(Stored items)
▶

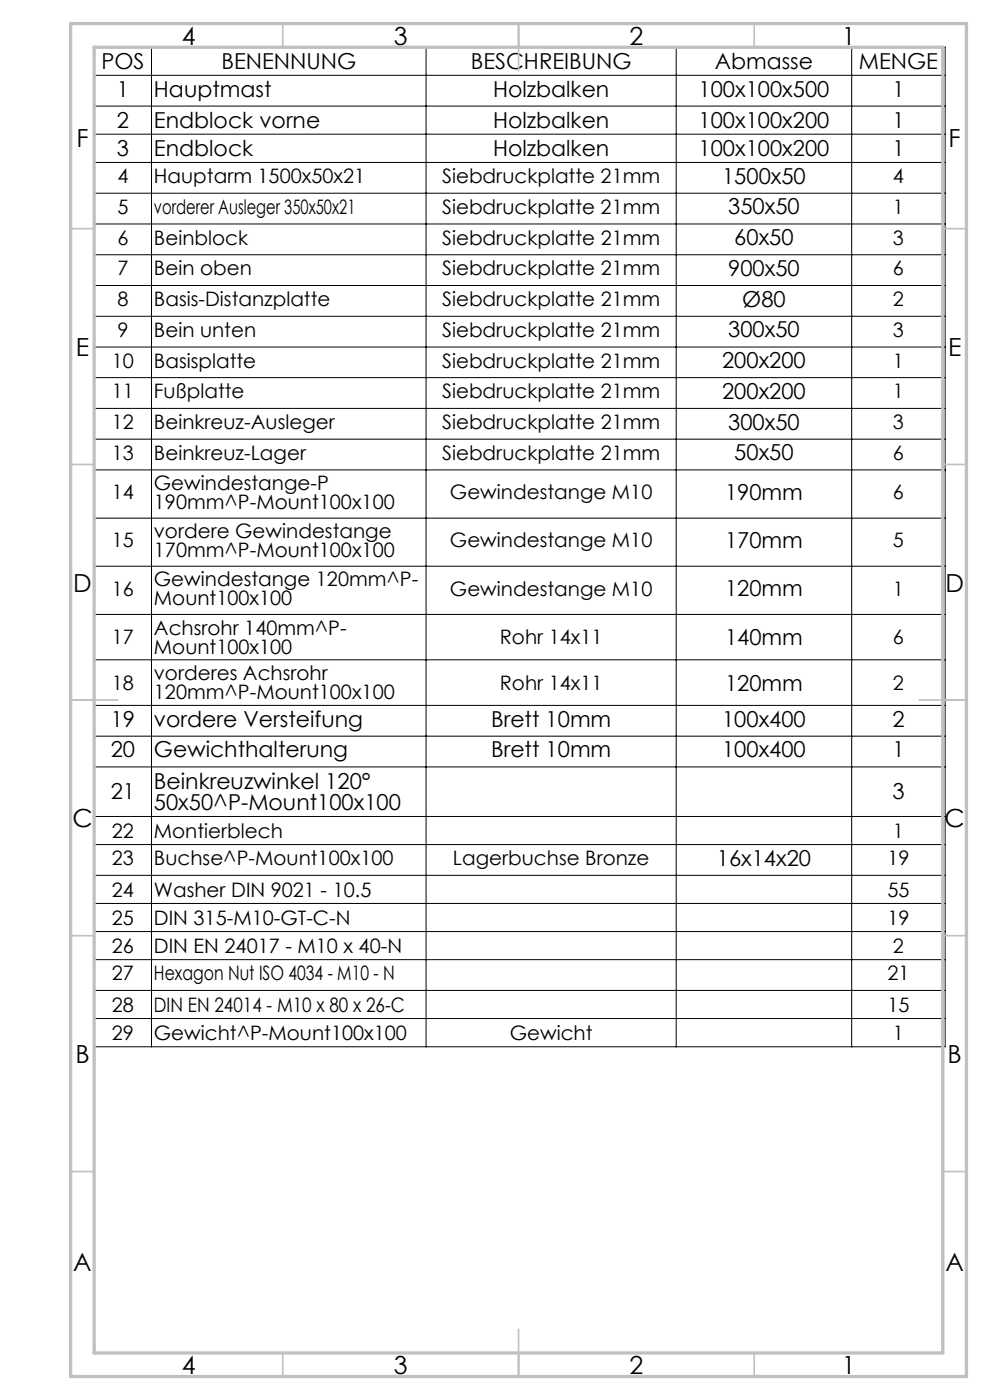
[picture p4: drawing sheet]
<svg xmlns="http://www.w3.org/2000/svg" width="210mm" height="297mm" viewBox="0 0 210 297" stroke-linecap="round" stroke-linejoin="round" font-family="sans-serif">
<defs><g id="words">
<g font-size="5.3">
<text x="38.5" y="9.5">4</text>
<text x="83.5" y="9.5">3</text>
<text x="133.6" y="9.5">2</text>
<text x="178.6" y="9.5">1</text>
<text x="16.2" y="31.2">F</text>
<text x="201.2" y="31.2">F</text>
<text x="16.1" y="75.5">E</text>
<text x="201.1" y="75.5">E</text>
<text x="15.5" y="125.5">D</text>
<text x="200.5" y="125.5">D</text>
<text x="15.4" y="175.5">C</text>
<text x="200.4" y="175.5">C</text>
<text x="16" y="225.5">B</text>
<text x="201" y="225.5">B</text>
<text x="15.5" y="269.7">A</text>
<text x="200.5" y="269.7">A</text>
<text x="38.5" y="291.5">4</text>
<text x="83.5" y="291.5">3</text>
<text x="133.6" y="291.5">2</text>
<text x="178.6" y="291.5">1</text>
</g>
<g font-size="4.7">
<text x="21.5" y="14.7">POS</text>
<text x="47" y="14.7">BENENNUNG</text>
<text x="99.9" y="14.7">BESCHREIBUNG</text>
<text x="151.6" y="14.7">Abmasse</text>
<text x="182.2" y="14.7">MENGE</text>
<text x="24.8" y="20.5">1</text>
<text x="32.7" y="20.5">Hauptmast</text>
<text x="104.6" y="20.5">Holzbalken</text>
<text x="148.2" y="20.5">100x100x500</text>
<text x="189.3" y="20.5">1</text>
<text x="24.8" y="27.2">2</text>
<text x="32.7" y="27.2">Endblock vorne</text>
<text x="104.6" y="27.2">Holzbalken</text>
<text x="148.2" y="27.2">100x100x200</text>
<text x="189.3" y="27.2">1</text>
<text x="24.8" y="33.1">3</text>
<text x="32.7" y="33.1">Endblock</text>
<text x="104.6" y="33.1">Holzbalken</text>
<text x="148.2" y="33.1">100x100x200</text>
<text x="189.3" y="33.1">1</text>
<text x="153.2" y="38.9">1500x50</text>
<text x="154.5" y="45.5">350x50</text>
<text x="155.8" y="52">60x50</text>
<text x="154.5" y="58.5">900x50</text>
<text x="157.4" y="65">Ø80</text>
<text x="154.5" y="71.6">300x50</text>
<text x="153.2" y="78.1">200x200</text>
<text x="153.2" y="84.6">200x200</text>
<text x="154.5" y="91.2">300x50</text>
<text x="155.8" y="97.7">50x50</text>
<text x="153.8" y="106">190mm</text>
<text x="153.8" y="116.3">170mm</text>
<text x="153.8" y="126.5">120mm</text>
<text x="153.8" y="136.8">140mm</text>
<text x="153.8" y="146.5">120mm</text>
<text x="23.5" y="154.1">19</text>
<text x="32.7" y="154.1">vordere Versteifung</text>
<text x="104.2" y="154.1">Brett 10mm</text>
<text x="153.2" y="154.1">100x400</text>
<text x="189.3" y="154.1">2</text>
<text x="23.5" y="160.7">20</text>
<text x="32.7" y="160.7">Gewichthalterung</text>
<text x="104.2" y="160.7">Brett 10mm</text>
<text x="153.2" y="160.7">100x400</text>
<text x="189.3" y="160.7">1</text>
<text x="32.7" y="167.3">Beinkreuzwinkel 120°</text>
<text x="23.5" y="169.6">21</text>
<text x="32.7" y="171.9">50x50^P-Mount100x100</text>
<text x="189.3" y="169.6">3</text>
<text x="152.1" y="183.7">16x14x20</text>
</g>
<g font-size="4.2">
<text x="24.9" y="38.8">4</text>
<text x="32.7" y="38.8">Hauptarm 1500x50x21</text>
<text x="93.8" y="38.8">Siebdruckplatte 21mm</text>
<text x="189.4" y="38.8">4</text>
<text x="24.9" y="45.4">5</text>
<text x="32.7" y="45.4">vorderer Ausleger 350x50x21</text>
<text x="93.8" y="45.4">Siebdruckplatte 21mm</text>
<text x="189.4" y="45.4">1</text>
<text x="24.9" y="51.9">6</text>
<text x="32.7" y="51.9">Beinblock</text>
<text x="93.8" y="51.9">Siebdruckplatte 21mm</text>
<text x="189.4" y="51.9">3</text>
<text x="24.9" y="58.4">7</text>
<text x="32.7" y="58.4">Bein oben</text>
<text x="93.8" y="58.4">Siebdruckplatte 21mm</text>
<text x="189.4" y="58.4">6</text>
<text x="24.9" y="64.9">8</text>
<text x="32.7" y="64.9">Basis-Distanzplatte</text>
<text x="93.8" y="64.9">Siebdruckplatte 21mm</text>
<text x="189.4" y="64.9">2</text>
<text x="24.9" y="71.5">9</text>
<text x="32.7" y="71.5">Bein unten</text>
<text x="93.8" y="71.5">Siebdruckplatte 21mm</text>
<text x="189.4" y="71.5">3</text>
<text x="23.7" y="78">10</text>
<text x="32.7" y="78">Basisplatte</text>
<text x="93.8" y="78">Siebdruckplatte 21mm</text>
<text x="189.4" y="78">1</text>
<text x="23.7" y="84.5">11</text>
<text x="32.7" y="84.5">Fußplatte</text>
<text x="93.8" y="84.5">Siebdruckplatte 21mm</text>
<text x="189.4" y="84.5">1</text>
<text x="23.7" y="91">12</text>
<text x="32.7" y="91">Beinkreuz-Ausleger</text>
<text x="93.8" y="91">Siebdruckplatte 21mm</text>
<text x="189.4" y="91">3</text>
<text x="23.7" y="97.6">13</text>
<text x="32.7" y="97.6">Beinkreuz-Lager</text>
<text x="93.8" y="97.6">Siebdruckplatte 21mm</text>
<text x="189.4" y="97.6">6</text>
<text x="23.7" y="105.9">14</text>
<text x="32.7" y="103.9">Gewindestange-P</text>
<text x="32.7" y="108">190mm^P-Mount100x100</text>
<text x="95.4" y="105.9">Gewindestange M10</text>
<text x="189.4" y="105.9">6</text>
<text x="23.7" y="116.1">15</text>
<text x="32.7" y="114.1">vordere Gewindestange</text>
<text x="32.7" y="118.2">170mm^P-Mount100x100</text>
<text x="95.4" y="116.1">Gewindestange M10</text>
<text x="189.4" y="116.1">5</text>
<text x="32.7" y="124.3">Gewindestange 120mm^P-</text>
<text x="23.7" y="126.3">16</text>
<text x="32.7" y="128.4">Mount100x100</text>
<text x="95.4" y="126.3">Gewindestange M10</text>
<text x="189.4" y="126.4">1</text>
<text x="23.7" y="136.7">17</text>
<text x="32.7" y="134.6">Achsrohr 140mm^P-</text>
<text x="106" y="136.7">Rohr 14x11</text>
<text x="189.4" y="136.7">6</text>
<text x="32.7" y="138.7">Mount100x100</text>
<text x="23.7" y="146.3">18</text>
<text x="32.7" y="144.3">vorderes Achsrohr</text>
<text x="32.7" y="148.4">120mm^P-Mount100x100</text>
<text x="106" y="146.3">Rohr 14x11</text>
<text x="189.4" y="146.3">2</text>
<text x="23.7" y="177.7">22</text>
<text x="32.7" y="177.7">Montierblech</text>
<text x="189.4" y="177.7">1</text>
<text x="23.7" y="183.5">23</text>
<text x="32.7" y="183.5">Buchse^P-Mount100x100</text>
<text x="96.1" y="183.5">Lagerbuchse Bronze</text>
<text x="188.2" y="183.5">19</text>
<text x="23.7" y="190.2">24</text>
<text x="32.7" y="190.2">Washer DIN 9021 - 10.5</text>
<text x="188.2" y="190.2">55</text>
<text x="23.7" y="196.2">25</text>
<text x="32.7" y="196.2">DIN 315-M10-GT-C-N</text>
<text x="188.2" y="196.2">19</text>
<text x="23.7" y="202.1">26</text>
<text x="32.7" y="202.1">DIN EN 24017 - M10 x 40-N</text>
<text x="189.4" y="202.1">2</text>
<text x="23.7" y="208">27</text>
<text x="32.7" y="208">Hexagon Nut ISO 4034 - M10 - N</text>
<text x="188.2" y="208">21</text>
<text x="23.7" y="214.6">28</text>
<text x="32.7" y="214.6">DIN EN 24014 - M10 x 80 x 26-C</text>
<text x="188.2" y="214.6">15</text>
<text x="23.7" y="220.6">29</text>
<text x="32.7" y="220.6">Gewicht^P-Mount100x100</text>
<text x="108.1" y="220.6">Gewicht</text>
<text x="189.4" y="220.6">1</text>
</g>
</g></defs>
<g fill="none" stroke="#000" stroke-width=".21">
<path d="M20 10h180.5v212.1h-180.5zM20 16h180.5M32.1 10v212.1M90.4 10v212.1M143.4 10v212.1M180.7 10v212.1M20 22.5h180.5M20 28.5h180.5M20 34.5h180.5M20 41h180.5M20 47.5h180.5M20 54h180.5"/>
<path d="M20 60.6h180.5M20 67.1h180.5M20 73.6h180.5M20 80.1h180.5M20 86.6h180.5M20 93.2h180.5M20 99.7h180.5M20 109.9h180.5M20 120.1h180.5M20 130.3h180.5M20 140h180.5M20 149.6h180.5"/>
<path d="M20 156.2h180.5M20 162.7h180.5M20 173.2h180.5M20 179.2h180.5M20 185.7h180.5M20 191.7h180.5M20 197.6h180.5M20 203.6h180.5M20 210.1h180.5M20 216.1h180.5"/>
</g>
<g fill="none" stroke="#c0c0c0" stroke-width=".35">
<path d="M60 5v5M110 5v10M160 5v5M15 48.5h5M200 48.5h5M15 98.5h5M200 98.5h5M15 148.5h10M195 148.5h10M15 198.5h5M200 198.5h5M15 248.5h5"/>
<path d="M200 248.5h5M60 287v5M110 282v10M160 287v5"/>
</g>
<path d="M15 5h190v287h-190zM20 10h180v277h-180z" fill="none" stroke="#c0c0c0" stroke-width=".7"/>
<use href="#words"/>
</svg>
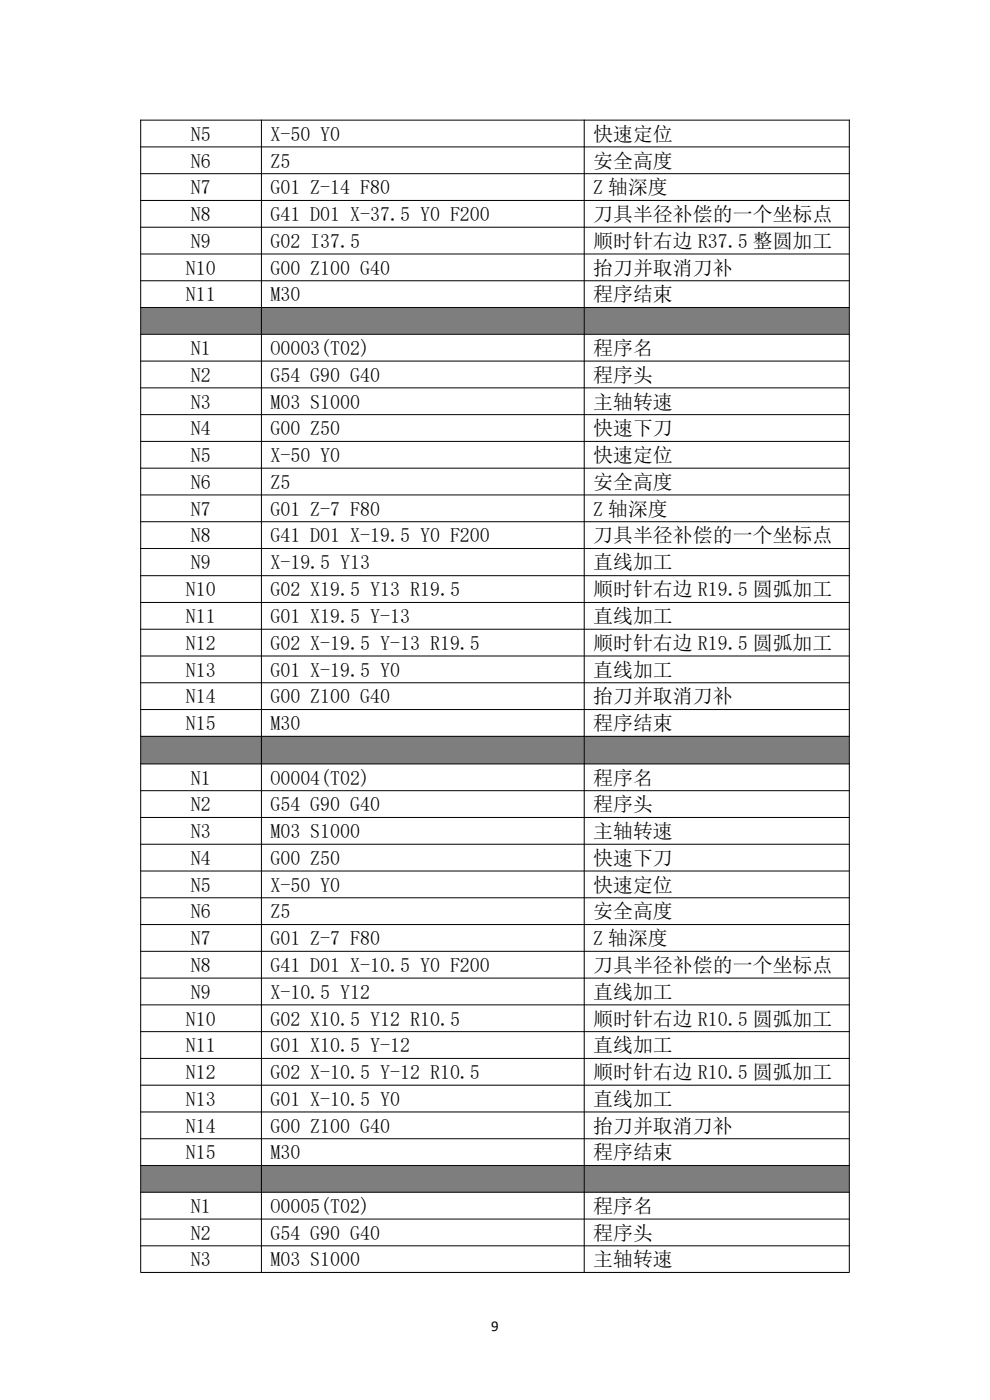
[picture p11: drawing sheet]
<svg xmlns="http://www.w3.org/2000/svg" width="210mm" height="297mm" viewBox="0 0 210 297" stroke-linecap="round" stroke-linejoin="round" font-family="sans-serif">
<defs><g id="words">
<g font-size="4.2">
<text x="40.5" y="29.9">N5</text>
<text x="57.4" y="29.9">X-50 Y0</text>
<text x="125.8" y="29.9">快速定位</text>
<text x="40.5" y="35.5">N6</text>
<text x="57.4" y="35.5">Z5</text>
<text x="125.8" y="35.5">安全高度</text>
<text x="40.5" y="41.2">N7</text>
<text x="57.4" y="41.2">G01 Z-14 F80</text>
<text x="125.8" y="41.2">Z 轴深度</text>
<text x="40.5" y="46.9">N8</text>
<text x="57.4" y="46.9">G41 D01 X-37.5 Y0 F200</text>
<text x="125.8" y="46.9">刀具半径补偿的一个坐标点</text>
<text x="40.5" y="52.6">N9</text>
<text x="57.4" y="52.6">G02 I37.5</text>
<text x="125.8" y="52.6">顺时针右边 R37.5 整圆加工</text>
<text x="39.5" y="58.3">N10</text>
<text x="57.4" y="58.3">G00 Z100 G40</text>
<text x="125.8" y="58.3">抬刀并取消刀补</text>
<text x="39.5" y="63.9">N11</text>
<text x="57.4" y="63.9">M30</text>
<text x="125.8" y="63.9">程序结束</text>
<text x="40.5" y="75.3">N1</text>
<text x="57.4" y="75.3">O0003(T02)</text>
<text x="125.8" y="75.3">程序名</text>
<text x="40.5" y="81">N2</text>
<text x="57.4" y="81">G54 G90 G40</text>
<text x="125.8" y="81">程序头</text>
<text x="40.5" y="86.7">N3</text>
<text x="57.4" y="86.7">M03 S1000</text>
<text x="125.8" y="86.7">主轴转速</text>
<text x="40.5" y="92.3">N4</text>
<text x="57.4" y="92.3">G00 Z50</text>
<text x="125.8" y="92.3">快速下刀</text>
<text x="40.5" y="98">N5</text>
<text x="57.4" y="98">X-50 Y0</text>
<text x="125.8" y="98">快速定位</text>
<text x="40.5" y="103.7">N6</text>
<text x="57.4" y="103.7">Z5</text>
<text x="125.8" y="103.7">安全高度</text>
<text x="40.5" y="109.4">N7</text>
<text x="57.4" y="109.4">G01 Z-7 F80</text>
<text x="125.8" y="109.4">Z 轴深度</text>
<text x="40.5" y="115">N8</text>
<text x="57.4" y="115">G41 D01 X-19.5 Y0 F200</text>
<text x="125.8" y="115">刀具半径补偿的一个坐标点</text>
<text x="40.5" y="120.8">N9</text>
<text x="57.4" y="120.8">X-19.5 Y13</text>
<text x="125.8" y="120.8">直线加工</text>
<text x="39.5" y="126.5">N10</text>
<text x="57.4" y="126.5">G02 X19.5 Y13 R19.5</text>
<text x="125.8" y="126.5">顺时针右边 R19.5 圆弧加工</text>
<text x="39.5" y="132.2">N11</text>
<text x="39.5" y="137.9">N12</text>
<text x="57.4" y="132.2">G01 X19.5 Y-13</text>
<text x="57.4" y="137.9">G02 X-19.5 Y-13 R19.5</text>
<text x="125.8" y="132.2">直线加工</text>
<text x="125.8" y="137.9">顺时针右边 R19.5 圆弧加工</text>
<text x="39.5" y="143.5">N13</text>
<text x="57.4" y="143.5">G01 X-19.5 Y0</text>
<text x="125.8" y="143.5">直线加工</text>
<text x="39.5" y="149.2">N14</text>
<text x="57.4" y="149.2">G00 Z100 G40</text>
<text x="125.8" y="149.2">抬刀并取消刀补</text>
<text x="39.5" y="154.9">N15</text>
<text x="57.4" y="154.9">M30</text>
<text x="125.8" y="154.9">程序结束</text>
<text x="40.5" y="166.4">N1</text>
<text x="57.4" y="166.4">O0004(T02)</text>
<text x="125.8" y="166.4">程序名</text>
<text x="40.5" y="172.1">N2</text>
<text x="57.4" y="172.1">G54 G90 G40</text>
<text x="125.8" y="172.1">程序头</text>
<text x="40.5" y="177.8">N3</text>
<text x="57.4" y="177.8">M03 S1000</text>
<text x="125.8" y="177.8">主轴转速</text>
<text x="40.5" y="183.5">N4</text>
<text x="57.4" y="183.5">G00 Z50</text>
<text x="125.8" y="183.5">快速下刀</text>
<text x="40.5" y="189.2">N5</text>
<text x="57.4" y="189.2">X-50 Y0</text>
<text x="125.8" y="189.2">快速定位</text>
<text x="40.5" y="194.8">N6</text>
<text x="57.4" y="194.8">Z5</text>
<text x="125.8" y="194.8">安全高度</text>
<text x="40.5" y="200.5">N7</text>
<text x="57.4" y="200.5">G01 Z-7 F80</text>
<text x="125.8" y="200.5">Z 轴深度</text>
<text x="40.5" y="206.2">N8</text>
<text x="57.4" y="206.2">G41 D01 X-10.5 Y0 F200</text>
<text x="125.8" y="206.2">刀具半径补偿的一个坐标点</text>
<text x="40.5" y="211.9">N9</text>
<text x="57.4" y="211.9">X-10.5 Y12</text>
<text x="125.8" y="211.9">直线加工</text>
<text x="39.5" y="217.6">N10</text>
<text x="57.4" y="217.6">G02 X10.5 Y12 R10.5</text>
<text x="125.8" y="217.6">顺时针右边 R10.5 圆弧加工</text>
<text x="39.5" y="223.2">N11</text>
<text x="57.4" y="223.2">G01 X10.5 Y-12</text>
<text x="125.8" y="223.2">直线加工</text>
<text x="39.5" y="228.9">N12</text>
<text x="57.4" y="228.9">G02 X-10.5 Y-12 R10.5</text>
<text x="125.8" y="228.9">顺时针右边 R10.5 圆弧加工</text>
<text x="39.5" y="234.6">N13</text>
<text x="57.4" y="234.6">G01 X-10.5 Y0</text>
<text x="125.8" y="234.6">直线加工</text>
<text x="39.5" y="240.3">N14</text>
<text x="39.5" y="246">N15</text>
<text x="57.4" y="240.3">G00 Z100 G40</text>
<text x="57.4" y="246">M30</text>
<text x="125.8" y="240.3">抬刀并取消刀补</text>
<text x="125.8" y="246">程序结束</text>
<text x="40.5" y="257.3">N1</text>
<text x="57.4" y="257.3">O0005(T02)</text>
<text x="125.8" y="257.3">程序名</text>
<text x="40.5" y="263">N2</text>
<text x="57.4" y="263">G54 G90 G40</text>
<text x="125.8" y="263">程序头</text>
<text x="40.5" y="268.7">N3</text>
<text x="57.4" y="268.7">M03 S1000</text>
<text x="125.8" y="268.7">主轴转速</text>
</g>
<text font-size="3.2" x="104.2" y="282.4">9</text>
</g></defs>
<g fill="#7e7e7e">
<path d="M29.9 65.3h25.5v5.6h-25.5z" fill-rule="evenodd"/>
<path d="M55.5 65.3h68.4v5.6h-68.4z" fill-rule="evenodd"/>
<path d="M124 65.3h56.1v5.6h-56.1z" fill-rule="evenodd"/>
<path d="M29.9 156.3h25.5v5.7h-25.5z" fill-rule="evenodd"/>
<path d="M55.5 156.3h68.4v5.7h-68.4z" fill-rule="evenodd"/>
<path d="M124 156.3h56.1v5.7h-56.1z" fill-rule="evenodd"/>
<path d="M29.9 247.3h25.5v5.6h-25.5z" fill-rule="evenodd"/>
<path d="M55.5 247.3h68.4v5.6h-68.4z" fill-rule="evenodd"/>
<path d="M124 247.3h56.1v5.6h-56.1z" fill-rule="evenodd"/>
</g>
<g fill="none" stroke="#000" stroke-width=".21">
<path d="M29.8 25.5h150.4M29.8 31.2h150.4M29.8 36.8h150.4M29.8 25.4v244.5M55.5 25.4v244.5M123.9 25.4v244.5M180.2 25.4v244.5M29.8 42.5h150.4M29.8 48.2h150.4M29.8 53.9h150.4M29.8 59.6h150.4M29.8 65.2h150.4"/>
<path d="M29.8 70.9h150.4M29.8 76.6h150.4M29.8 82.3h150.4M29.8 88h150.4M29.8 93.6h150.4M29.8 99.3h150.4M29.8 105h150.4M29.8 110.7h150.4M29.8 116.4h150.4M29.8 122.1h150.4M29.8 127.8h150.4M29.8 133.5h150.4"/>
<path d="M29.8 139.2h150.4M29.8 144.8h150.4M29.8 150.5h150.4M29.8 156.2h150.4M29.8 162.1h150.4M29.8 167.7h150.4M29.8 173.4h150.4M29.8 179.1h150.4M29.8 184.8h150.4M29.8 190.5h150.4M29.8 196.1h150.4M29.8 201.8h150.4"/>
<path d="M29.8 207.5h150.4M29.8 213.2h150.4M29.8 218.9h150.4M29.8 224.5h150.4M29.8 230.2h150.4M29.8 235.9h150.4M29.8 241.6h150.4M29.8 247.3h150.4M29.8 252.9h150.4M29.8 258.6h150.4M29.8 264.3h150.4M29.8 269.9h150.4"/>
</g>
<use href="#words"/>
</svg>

◀

TRY IT> The lines from the one with "207.5h150.4M29.8 213.2h150.4M29.8 218.9h150.4M29.8" through the final line of the data are to be reproduced exactly, both included, with no other lines.

EXERCISE RESULT>
<path d="M29.8 207.5h150.4M29.8 213.2h150.4M29.8 218.9h150.4M29.8 224.5h150.4M29.8 230.2h150.4M29.8 235.9h150.4M29.8 241.6h150.4M29.8 247.3h150.4M29.8 252.9h150.4M29.8 258.6h150.4M29.8 264.3h150.4M29.8 269.9h150.4"/>
</g>
<use href="#words"/>
</svg>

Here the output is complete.